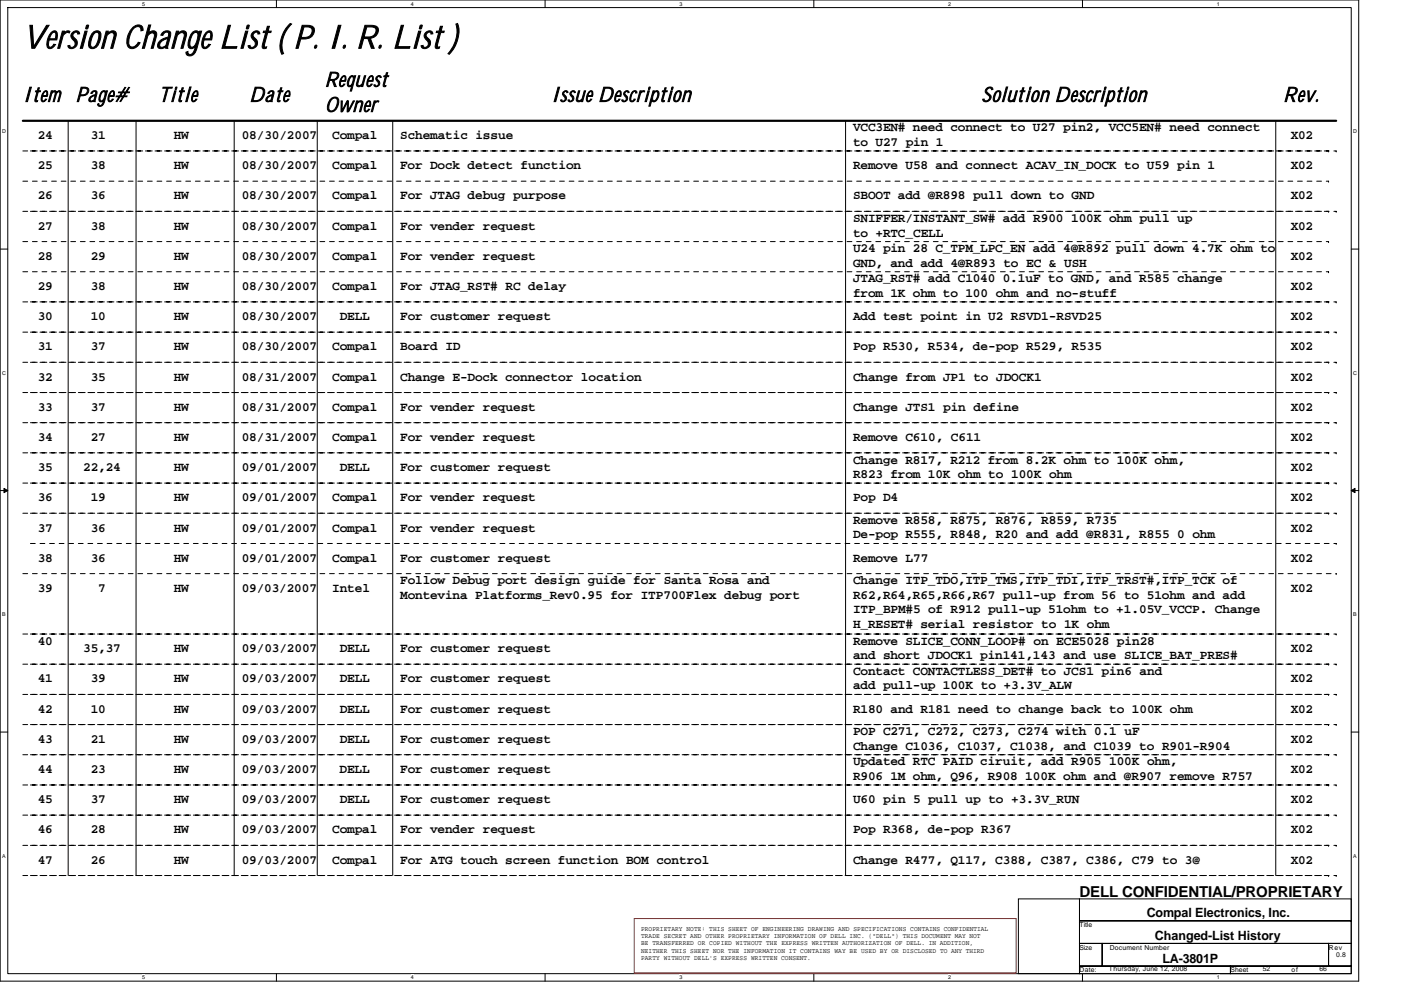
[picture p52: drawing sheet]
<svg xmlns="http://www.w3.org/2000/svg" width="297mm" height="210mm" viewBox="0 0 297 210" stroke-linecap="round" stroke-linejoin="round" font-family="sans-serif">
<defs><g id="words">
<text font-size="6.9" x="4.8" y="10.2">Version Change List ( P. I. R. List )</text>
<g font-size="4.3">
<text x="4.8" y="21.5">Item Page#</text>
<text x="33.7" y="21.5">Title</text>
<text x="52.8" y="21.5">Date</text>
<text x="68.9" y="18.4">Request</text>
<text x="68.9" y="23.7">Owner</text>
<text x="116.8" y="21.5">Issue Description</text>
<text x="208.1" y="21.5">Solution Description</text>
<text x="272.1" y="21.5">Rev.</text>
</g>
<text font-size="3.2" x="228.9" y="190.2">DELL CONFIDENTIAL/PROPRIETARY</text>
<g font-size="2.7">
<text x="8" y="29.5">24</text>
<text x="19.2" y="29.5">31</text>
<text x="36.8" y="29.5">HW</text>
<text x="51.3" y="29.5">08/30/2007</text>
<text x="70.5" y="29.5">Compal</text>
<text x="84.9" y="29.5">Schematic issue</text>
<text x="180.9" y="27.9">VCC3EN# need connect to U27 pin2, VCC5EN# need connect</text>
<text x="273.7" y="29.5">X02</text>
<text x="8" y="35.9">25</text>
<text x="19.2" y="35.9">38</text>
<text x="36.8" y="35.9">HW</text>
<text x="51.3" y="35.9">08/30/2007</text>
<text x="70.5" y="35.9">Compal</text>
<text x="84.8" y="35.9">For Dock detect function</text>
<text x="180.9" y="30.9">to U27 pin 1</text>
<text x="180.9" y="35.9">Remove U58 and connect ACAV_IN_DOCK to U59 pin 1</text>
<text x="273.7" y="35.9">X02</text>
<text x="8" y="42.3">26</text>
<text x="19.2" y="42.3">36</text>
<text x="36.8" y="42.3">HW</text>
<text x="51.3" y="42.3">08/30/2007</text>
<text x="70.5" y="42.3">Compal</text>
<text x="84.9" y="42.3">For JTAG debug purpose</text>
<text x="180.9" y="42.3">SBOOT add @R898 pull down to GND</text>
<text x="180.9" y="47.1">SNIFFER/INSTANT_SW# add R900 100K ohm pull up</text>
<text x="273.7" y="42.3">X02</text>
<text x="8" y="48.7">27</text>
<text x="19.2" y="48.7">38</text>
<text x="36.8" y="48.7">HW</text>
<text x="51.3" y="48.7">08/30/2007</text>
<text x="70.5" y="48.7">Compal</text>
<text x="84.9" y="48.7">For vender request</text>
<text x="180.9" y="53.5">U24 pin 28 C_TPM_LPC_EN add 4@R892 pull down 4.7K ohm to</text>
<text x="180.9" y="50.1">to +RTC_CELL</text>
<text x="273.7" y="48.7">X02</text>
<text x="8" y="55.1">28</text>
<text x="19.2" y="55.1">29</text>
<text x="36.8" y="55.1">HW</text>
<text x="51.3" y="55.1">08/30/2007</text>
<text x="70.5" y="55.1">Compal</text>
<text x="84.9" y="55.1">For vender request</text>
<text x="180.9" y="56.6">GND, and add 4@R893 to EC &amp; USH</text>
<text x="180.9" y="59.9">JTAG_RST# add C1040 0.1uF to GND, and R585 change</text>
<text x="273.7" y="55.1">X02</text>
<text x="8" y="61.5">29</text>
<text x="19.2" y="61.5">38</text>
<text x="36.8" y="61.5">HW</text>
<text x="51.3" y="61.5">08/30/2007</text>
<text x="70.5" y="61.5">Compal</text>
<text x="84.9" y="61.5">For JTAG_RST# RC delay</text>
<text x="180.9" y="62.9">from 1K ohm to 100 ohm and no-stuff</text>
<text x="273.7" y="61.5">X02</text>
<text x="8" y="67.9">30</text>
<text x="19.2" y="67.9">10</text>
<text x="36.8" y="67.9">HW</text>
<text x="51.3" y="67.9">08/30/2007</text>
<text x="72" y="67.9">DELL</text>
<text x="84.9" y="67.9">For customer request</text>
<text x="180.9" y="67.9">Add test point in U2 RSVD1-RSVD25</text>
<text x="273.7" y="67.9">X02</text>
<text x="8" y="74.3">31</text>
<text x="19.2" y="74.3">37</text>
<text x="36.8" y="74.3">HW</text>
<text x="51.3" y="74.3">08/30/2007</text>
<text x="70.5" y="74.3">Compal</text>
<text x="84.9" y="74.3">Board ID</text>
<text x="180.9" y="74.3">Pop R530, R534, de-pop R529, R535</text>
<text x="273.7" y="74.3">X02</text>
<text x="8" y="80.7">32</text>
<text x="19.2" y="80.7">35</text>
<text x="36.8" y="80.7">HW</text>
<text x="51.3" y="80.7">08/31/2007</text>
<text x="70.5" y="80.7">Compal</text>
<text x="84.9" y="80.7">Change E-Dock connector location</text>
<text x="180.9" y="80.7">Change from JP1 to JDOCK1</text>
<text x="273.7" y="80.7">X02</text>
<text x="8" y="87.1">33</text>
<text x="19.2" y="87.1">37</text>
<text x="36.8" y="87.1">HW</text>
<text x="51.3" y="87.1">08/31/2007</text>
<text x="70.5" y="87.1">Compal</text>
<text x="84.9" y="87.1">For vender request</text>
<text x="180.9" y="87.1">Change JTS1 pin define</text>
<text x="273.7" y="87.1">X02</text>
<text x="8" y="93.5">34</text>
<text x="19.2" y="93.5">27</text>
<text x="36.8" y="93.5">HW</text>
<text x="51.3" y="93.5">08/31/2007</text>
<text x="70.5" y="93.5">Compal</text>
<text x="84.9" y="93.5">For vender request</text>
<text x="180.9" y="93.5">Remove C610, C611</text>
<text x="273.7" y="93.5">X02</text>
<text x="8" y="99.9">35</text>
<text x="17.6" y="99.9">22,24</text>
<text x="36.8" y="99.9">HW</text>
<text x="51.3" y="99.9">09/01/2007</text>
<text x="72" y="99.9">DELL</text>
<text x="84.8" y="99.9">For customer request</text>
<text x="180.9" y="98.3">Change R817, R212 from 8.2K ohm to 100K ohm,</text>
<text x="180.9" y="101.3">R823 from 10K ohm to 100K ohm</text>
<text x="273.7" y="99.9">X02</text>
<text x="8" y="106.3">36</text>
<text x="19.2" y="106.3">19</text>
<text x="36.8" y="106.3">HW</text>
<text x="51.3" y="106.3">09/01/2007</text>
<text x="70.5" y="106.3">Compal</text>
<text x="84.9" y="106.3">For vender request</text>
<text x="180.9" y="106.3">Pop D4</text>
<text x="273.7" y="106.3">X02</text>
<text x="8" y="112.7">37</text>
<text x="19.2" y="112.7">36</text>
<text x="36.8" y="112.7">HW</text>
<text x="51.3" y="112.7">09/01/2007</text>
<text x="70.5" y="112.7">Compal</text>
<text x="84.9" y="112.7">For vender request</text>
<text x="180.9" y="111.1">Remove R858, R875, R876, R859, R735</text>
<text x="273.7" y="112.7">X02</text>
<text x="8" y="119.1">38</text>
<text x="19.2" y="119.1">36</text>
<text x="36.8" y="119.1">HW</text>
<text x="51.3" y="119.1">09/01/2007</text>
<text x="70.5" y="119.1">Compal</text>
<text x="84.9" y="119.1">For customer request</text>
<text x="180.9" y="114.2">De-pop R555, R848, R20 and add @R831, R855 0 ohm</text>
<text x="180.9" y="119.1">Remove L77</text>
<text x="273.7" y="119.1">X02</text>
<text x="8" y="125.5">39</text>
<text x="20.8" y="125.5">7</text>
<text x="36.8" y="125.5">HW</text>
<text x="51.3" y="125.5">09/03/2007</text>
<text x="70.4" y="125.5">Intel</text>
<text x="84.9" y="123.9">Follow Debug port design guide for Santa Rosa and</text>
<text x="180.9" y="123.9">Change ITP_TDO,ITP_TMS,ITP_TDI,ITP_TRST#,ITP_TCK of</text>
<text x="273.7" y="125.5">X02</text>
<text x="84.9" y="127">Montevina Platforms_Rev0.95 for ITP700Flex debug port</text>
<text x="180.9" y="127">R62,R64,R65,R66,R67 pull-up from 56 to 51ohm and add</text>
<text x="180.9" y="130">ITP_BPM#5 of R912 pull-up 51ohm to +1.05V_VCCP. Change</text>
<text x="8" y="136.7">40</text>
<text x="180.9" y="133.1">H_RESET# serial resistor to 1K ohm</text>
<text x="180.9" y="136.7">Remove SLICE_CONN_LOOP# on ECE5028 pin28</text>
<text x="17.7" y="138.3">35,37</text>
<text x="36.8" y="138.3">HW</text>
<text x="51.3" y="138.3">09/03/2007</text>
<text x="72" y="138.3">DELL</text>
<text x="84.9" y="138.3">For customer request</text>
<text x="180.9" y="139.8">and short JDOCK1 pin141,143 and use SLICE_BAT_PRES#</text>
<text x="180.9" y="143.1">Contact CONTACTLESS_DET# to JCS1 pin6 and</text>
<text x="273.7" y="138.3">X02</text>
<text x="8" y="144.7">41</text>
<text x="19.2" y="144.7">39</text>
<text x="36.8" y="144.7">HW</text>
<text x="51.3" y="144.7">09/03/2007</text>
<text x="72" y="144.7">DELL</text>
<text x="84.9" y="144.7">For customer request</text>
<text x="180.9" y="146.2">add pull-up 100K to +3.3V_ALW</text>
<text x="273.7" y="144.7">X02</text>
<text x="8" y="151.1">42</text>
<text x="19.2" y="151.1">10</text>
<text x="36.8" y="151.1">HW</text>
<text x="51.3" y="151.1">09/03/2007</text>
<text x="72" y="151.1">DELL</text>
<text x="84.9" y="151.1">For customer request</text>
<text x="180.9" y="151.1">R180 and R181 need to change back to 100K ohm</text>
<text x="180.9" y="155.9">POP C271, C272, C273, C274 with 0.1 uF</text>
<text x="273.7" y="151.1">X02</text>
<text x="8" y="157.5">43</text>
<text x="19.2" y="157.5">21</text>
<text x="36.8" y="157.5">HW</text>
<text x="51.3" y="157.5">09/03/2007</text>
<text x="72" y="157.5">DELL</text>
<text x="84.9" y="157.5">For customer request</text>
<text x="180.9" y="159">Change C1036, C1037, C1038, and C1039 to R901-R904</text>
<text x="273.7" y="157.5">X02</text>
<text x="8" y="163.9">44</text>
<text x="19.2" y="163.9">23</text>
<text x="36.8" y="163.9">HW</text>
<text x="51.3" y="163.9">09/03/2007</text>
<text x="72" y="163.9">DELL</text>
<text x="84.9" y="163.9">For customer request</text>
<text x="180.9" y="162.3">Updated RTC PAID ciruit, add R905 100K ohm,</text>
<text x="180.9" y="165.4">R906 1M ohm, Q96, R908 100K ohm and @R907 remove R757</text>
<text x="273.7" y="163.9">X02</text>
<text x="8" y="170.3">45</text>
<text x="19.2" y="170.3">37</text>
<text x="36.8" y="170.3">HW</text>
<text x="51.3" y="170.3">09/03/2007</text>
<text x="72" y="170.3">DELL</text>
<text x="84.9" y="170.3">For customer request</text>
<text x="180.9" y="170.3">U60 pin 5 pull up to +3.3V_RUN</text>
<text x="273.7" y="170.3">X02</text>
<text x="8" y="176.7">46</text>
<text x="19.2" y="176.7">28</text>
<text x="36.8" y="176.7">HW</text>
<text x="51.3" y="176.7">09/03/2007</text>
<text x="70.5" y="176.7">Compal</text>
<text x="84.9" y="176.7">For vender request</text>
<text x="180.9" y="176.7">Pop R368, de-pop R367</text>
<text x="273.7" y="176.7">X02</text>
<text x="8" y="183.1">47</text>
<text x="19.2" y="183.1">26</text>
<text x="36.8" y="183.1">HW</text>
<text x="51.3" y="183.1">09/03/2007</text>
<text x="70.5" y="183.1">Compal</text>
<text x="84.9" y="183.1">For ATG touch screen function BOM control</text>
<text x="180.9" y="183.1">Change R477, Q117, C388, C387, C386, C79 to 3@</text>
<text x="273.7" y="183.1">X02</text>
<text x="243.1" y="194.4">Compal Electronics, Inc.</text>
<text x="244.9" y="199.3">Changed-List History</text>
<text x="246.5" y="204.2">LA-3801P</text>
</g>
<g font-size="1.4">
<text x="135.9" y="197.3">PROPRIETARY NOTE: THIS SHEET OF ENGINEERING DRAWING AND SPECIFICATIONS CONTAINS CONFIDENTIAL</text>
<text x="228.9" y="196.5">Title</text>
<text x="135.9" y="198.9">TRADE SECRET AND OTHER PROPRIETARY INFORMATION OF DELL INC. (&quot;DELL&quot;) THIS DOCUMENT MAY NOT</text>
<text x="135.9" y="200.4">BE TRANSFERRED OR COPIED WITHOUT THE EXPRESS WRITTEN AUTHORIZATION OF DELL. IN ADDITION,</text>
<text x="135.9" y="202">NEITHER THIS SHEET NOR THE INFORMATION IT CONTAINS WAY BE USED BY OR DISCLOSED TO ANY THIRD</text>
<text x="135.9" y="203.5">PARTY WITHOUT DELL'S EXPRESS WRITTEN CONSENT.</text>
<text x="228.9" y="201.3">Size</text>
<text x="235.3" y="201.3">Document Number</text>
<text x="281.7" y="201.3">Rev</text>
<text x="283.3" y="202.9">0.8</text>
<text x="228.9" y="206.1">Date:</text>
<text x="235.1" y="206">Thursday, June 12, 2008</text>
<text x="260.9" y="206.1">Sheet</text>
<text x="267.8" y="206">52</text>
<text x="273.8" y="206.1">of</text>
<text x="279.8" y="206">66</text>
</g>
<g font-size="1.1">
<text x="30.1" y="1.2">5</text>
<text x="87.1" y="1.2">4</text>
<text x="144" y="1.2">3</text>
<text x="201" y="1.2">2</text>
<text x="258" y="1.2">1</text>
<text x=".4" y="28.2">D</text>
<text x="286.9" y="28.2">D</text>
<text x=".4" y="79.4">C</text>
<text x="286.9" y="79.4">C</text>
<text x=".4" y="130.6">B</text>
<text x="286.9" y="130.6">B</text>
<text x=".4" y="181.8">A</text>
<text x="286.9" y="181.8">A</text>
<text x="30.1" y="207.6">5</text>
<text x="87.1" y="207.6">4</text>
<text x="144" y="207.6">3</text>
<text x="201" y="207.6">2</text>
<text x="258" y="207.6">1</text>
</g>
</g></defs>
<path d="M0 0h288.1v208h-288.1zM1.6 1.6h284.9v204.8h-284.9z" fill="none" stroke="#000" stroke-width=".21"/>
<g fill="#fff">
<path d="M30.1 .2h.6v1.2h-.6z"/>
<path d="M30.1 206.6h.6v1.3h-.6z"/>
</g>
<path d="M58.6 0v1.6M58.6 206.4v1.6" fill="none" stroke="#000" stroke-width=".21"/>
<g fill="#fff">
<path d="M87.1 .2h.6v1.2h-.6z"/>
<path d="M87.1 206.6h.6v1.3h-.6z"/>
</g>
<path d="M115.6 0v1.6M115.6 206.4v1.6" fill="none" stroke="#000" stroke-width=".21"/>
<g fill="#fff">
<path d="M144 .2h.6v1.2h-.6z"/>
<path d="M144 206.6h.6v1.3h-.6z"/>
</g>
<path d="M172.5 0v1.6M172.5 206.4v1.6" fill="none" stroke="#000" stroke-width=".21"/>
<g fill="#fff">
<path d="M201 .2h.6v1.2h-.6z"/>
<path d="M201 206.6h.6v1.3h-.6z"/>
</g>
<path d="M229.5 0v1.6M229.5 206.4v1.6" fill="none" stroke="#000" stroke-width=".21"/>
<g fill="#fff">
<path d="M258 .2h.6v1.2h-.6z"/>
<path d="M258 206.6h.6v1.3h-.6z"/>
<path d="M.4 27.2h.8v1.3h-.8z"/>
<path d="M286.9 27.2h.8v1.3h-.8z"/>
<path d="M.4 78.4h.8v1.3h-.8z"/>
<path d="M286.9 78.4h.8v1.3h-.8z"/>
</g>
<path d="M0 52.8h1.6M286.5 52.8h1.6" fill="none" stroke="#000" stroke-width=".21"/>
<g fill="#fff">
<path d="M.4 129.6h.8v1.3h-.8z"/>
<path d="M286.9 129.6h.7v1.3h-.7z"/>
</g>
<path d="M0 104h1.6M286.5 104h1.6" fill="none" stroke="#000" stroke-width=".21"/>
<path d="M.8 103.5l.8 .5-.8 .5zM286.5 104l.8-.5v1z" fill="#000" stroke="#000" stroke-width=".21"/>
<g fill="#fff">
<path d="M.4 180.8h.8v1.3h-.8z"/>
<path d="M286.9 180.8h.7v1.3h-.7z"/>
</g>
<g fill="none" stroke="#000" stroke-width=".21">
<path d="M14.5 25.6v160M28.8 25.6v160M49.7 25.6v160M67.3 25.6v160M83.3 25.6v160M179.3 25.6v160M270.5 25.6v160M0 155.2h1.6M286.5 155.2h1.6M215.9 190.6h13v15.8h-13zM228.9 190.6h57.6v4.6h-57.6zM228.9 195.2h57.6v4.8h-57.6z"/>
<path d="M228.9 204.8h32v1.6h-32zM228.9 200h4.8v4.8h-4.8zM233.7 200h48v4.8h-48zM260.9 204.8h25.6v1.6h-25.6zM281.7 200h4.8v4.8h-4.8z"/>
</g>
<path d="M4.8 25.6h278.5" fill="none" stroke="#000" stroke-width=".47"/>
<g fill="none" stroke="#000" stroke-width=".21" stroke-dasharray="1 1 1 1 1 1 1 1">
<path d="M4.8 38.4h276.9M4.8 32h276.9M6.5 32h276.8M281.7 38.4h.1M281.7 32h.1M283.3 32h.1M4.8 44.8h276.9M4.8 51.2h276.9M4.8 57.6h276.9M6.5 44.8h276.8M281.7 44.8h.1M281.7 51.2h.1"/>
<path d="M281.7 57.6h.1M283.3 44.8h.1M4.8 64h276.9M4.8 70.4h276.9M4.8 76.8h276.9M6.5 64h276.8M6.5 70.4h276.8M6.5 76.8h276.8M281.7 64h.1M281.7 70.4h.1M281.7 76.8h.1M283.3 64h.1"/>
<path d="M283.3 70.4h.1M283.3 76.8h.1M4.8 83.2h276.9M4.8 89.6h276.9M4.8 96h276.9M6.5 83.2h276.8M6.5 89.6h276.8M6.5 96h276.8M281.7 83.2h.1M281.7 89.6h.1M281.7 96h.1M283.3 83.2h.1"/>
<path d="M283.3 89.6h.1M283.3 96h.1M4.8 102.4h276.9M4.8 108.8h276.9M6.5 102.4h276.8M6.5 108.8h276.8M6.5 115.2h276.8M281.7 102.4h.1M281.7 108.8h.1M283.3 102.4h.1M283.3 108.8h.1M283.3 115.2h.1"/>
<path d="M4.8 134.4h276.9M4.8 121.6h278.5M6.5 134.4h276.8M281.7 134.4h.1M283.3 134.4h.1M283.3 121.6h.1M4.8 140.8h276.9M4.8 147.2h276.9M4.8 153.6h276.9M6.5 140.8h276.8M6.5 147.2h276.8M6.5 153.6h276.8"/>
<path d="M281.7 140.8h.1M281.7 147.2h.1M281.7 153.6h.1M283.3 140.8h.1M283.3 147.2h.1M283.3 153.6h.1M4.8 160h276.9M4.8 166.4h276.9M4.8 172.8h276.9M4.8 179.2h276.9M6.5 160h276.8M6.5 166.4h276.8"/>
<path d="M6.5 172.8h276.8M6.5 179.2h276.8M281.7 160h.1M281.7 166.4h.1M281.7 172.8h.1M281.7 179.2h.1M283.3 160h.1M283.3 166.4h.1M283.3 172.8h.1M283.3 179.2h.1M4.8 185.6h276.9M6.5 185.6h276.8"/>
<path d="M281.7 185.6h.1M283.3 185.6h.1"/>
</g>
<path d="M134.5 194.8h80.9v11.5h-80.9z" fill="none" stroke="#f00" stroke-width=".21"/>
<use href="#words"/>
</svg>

Description of the task ::
Every line from the top of the entries through the line that holds "Dock detect function</text>" is to be quoted exactly, please, and nothing else; omit the pictures.

Written solution ::
[picture p52: drawing sheet]
<svg xmlns="http://www.w3.org/2000/svg" width="297mm" height="210mm" viewBox="0 0 297 210" stroke-linecap="round" stroke-linejoin="round" font-family="sans-serif">
<defs><g id="words">
<text font-size="6.9" x="4.8" y="10.2">Version Change List ( P. I. R. List )</text>
<g font-size="4.3">
<text x="4.8" y="21.5">Item Page#</text>
<text x="33.7" y="21.5">Title</text>
<text x="52.8" y="21.5">Date</text>
<text x="68.9" y="18.4">Request</text>
<text x="68.9" y="23.7">Owner</text>
<text x="116.8" y="21.5">Issue Description</text>
<text x="208.1" y="21.5">Solution Description</text>
<text x="272.1" y="21.5">Rev.</text>
</g>
<text font-size="3.2" x="228.9" y="190.2">DELL CONFIDENTIAL/PROPRIETARY</text>
<g font-size="2.7">
<text x="8" y="29.5">24</text>
<text x="19.2" y="29.5">31</text>
<text x="36.8" y="29.5">HW</text>
<text x="51.3" y="29.5">08/30/2007</text>
<text x="70.5" y="29.5">Compal</text>
<text x="84.9" y="29.5">Schematic issue</text>
<text x="180.9" y="27.9">VCC3EN# need connect to U27 pin2, VCC5EN# need connect</text>
<text x="273.7" y="29.5">X02</text>
<text x="8" y="35.9">25</text>
<text x="19.2" y="35.9">38</text>
<text x="36.8" y="35.9">HW</text>
<text x="51.3" y="35.9">08/30/2007</text>
<text x="70.5" y="35.9">Compal</text>
<text x="84.8" y="35.9">For Dock detect function</text>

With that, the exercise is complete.